Nada keras disampaikan oleh Fachrul Razi, Senator asal Aceh. Ia meminta Nono dan Sultan mundur dari jabatannya sebagai Wakil Ketua DPD RI.

“Ini mengecewakan tidak hanya bagi saya, tetapi juga bagi seluruh anggota. Sesuai Tatib Nomor 1 Tahun 2022 Pasal 57, tugas pimpinan adalah Melaksanakan dan Memasyarakatkan Keputusan DPD. Ini malah mencabut tandatangan. Saya minta Pak Nono dan Pak Sultan mundur dari pimpinan karena tak bertanggungjawab terhadap keputusan yang sudah diambil,” tegas Fachrul Razi.

Fachrul Razi menilai sikap dua pimpinan yang mencabut tandatangan menunjukkan sikap mempermalukan hasil paripurna dan merendahkan lembaga DPD RI. Fachrul Razi menegaskan hasil paripurna harusnya dilaksanakan oleh pimpinan, sesuai tatib DPD RI, tindakan mencabut tanda tangan adalah melanggar tata tertib dan Kode Etik DPD RI.

Sidang Paripurna Luar Biasa ke-1 membahas laporan pelaksanaan tugas Komite IV tentang Pertimbangan DPD RI Terhadap RUU APBN Tahun Anggaran 2023 dan Pertimbangan DPD RI Terhadap RUU Pertanggungjawaban Atas Pelaksanaan Anggaran Pendapatan dan Belanja Negara Tahun Anggaran 2021.
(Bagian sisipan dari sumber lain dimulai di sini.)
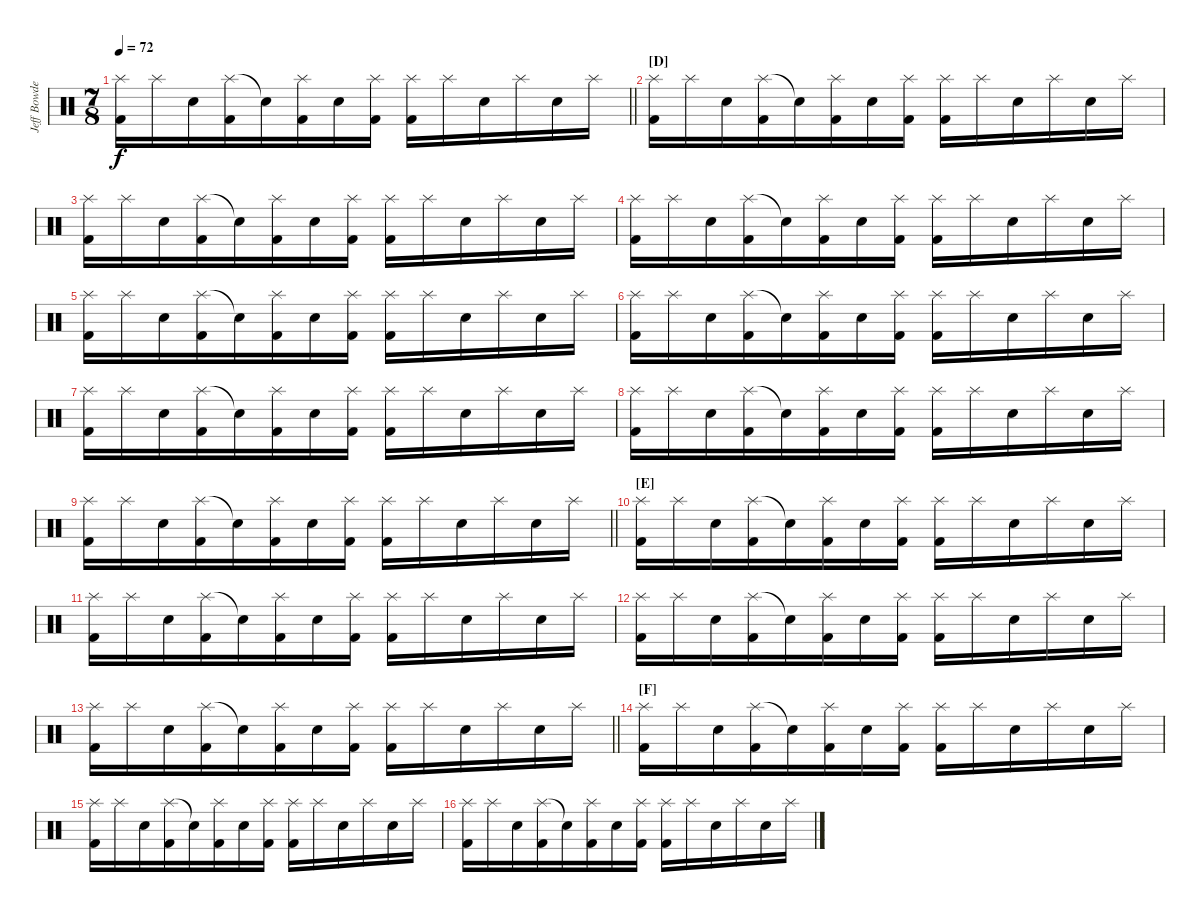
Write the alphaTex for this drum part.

\track ("Jeff Bowders" "Jeff Bowde") {instrument percussion}
\staff {score}
\articulation defaults
\ts (7 8)
\tempo 72
\clef neutral
\barLineRight lightlight
\ks aminor
("Splash (hit)" "Kick (hit) 2").16{dy f} "Splash (hit)".16 "Electric Snare (hit)".16 ("Splash (hit)" "Kick (hit) 2").16 "Snare (hit)"{t}.16 ("Splash (hit)" "Kick (hit) 2").16 "Electric Snare (hit)".16 ("Splash (hit)" "Kick (hit) 2").16 ("Splash (hit)" "Kick (hit) 2").16 "Splash (hit)".16 "Electric Snare (hit)".16 "Splash (hit)".16 "Electric Snare (hit)".16 "Splash (hit)".16 |
\section ("" "[D]")
("Splash (hit)" "Kick (hit) 2").16 "Splash (hit)".16 "Electric Snare (hit)".16 ("Splash (hit)" "Kick (hit) 2").16 "Snare (hit)"{t}.16 ("Splash (hit)" "Kick (hit) 2").16 "Electric Snare (hit)".16 ("Splash (hit)" "Kick (hit) 2").16 ("Splash (hit)" "Kick (hit) 2").16 "Splash (hit)".16 "Electric Snare (hit)".16 "Splash (hit)".16 "Electric Snare (hit)".16 "Splash (hit)".16 |
("Splash (hit)" "Kick (hit) 2").16 "Splash (hit)".16 "Electric Snare (hit)".16 ("Splash (hit)" "Kick (hit) 2").16 "Snare (hit)"{t}.16 ("Splash (hit)" "Kick (hit) 2").16 "Electric Snare (hit)".16 ("Splash (hit)" "Kick (hit) 2").16 ("Splash (hit)" "Kick (hit) 2").16 "Splash (hit)".16 "Electric Snare (hit)".16 "Splash (hit)".16 "Electric Snare (hit)".16 "Splash (hit)".16 |
("Splash (hit)" "Kick (hit) 2").16 "Splash (hit)".16 "Electric Snare (hit)".16 ("Splash (hit)" "Kick (hit) 2").16 "Snare (hit)"{t}.16 ("Splash (hit)" "Kick (hit) 2").16 "Electric Snare (hit)".16 ("Splash (hit)" "Kick (hit) 2").16 ("Splash (hit)" "Kick (hit) 2").16 "Splash (hit)".16 "Electric Snare (hit)".16 "Splash (hit)".16 "Electric Snare (hit)".16 "Splash (hit)".16 |
("Splash (hit)" "Kick (hit) 2").16 "Splash (hit)".16 "Electric Snare (hit)".16 ("Splash (hit)" "Kick (hit) 2").16 "Snare (hit)"{t}.16 ("Splash (hit)" "Kick (hit) 2").16 "Electric Snare (hit)".16 ("Splash (hit)" "Kick (hit) 2").16 ("Splash (hit)" "Kick (hit) 2").16 "Splash (hit)".16 "Electric Snare (hit)".16 "Splash (hit)".16 "Electric Snare (hit)".16 "Splash (hit)".16 |
("Splash (hit)" "Kick (hit) 2").16 "Splash (hit)".16 "Electric Snare (hit)".16 ("Splash (hit)" "Kick (hit) 2").16 "Snare (hit)"{t}.16 ("Splash (hit)" "Kick (hit) 2").16 "Electric Snare (hit)".16 ("Splash (hit)" "Kick (hit) 2").16 ("Splash (hit)" "Kick (hit) 2").16 "Splash (hit)".16 "Electric Snare (hit)".16 "Splash (hit)".16 "Electric Snare (hit)".16 "Splash (hit)".16 |
("Splash (hit)" "Kick (hit) 2").16 "Splash (hit)".16 "Electric Snare (hit)".16 ("Splash (hit)" "Kick (hit) 2").16 "Snare (hit)"{t}.16 ("Splash (hit)" "Kick (hit) 2").16 "Electric Snare (hit)".16 ("Splash (hit)" "Kick (hit) 2").16 ("Splash (hit)" "Kick (hit) 2").16 "Splash (hit)".16 "Electric Snare (hit)".16 "Splash (hit)".16 "Electric Snare (hit)".16 "Splash (hit)".16 |
("Splash (hit)" "Kick (hit) 2").16 "Splash (hit)".16 "Electric Snare (hit)".16 ("Splash (hit)" "Kick (hit) 2").16 "Snare (hit)"{t}.16 ("Splash (hit)" "Kick (hit) 2").16 "Electric Snare (hit)".16 ("Splash (hit)" "Kick (hit) 2").16 ("Splash (hit)" "Kick (hit) 2").16 "Splash (hit)".16 "Electric Snare (hit)".16 "Splash (hit)".16 "Electric Snare (hit)".16 "Splash (hit)".16 |
\barLineRight lightlight
("Splash (hit)" "Kick (hit) 2").16 "Splash (hit)".16 "Electric Snare (hit)".16 ("Splash (hit)" "Kick (hit) 2").16 "Snare (hit)"{t}.16 ("Splash (hit)" "Kick (hit) 2").16 "Electric Snare (hit)".16 ("Splash (hit)" "Kick (hit) 2").16 ("Splash (hit)" "Kick (hit) 2").16 "Splash (hit)".16 "Electric Snare (hit)".16 "Splash (hit)".16 "Electric Snare (hit)".16 "Splash (hit)".16 |
\section ("" "[E]")
("Splash (hit)" "Kick (hit) 2").16 "Splash (hit)".16 "Electric Snare (hit)".16 ("Splash (hit)" "Kick (hit) 2").16 "Snare (hit)"{t}.16 ("Splash (hit)" "Kick (hit) 2").16 "Electric Snare (hit)".16 ("Splash (hit)" "Kick (hit) 2").16 ("Splash (hit)" "Kick (hit) 2").16 "Splash (hit)".16 "Electric Snare (hit)".16 "Splash (hit)".16 "Electric Snare (hit)".16 "Splash (hit)".16 |
("Splash (hit)" "Kick (hit) 2").16 "Splash (hit)".16 "Electric Snare (hit)".16 ("Splash (hit)" "Kick (hit) 2").16 "Snare (hit)"{t}.16 ("Splash (hit)" "Kick (hit) 2").16 "Electric Snare (hit)".16 ("Splash (hit)" "Kick (hit) 2").16 ("Splash (hit)" "Kick (hit) 2").16 "Splash (hit)".16 "Electric Snare (hit)".16 "Splash (hit)".16 "Electric Snare (hit)".16 "Splash (hit)".16 |
("Splash (hit)" "Kick (hit) 2").16 "Splash (hit)".16 "Electric Snare (hit)".16 ("Splash (hit)" "Kick (hit) 2").16 "Snare (hit)"{t}.16 ("Splash (hit)" "Kick (hit) 2").16 "Electric Snare (hit)".16 ("Splash (hit)" "Kick (hit) 2").16 ("Splash (hit)" "Kick (hit) 2").16 "Splash (hit)".16 "Electric Snare (hit)".16 "Splash (hit)".16 "Electric Snare (hit)".16 "Splash (hit)".16 |
\barLineRight lightlight
("Splash (hit)" "Kick (hit) 2").16 "Splash (hit)".16 "Electric Snare (hit)".16 ("Splash (hit)" "Kick (hit) 2").16 "Snare (hit)"{t}.16 ("Splash (hit)" "Kick (hit) 2").16 "Electric Snare (hit)".16 ("Splash (hit)" "Kick (hit) 2").16 ("Splash (hit)" "Kick (hit) 2").16 "Splash (hit)".16 "Electric Snare (hit)".16 "Splash (hit)".16 "Electric Snare (hit)".16 "Splash (hit)".16 |
\section ("" "[F]")
("Splash (hit)" "Kick (hit) 2").16 "Splash (hit)".16 "Electric Snare (hit)".16 ("Splash (hit)" "Kick (hit) 2").16 "Snare (hit)"{t}.16 ("Splash (hit)" "Kick (hit) 2").16 "Electric Snare (hit)".16 ("Splash (hit)" "Kick (hit) 2").16 ("Splash (hit)" "Kick (hit) 2").16 "Splash (hit)".16 "Electric Snare (hit)".16 "Splash (hit)".16 "Electric Snare (hit)".16 "Splash (hit)".16 |
("Splash (hit)" "Kick (hit) 2").16 "Splash (hit)".16 "Electric Snare (hit)".16 ("Splash (hit)" "Kick (hit) 2").16 "Snare (hit)"{t}.16 ("Splash (hit)" "Kick (hit) 2").16 "Electric Snare (hit)".16 ("Splash (hit)" "Kick (hit) 2").16 ("Splash (hit)" "Kick (hit) 2").16 "Splash (hit)".16 "Electric Snare (hit)".16 "Splash (hit)".16 "Electric Snare (hit)".16 "Splash (hit)".16 |
("Splash (hit)" "Kick (hit) 2").16 "Splash (hit)".16 "Electric Snare (hit)".16 ("Splash (hit)" "Kick (hit) 2").16 "Snare (hit)"{t}.16 ("Splash (hit)" "Kick (hit) 2").16 "Electric Snare (hit)".16 ("Splash (hit)" "Kick (hit) 2").16 ("Splash (hit)" "Kick (hit) 2").16 "Splash (hit)".16 "Electric Snare (hit)".16 "Splash (hit)".16 "Electric Snare (hit)".16 "Splash (hit)".16

Di akhir sidang, Nono Sampono dan Sultan B Najamudin meminta waktu untuk mengklarifikasi tindakannya mencabut tandatangan dari persetujuan keputusan hasil Sidang Paripurna mengenai Mosi Tidak Percaya terhadap Fadel Muhammad.

“Saya perlu mengklarifikasi, karena saya tidak mau berbalas pantun di Forum WA yang malah bisa menjadi bias. Dalam pandangan saya ada beberapa hal yang harus saya jawab,” tutur Nono.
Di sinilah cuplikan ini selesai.